Core idea | Why it matters | Example |
|---|---|---|
Boundary values | Most bugs happen at edges | min-1, min, max, max+1 |
Equivalence classes | Group similar inputs to reduce tests | valid vs invalid formats |
Invariants | Properties that should always hold | sorted output stays sorted |
Failure modes | Graceful handling of bad input | null, undefined, NaN |
Regression cases | Lock in prior bugs | add a test for every fix |
Practical checklist
1) List inputs and outputs.
2) Identify constraints (min/max, allowed chars, allowed states).
3) Pick boundaries and one representative per equivalence class.
4) Add invalid and unexpected types.
5) Add a real-world case and a worst-case case.
6) Add regression tests for any previous bugs.

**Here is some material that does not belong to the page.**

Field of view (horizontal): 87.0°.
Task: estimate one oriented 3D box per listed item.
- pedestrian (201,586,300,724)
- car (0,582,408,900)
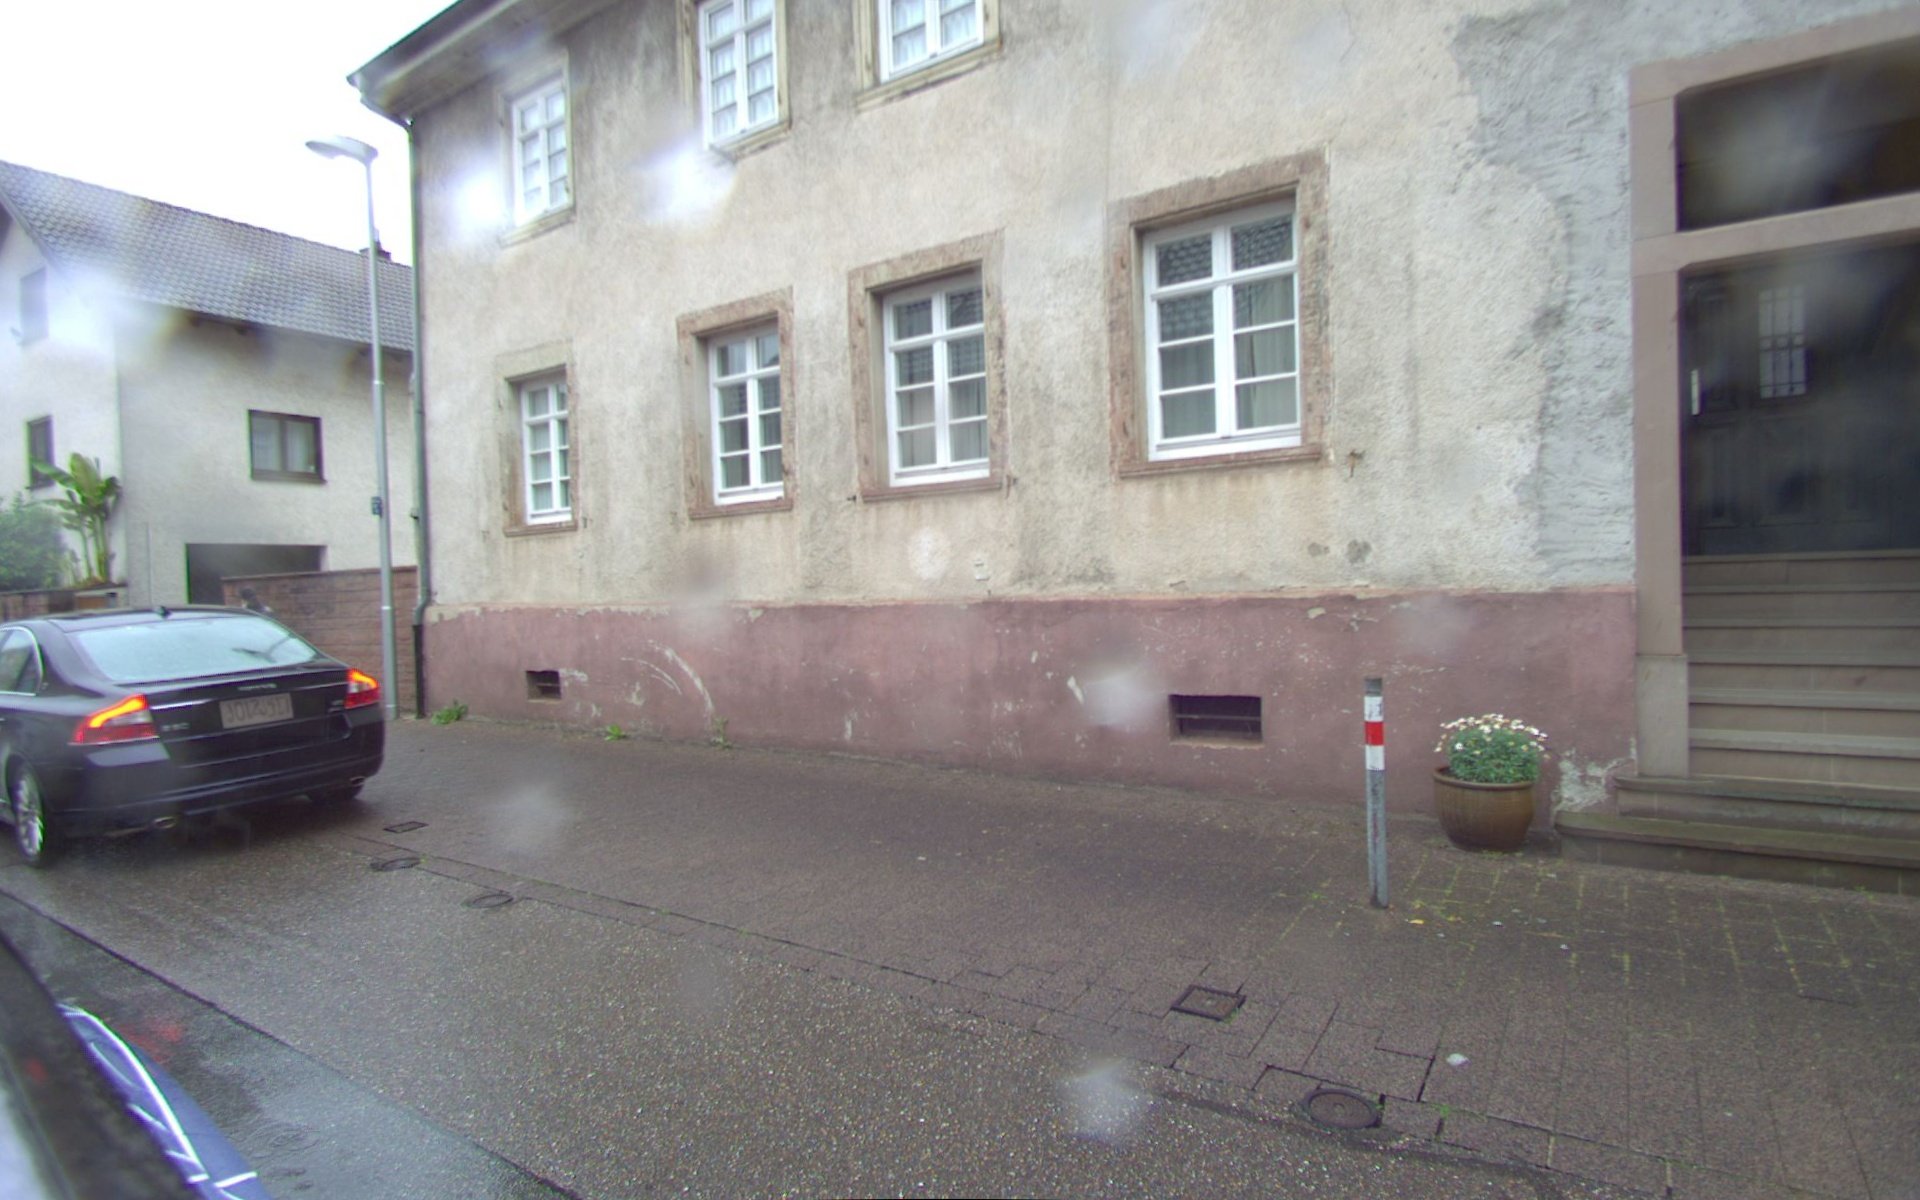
[{"bbox_3d":[-8.390,0.629,11.969,0.829,1.549,0.568,-1,2,29],"label":"pedestrian"},{"bbox_3d":[-5.799,0.735,6.899,4.329,1.520,1.683,-2,2,33],"label":"car"}]

// Example: testing clamp(value, min, max)
const cases = [
[-1, 0, 10, 0],
[0, 0, 10, 0],
[5, 0, 10, 5],
[10, 0, 10, 10],
[11, 0, 10, 10]
];
for (const [v, min, max, expected] of cases) {
expect(clamp(v, min, max)).toBe(expected);
}
// Invariant example: clamp output is always between min and max
for (const [v, min, max] of cases) {
const out = clamp(v, min, max);
expect(out).toBeGreaterThanOrEqual(min);
expect(out).toBeLessThanOrEqual(max);
}
JavaScript pitfall | Why it breaks tests | What to assert |
|---|---|---|
Type coercion | '0' vs 0 behave differently | add explicit type tests |
NaN | NaN !== NaN | use Number.isNaN |
Floating point | 0.1 + 0.2 !== 0.3 | use toBeCloseTo |
Empty/sparse arrays | holes behave like undefined | test length and iteration |
Dates/timezones | locale-dependent output | assert on UTC or iso strings |
Common anti-patterns
- Only testing happy paths.
- Too many tests that assert the same behavior.
- Tests that mirror the implementation instead of the requirements.
- Random tests without a seed (non-deterministic failures).
Design tests around boundaries, invariants, and failure modes. Use a small, deliberate set of cases that make bugs obvious and keep the suite fast and reliable.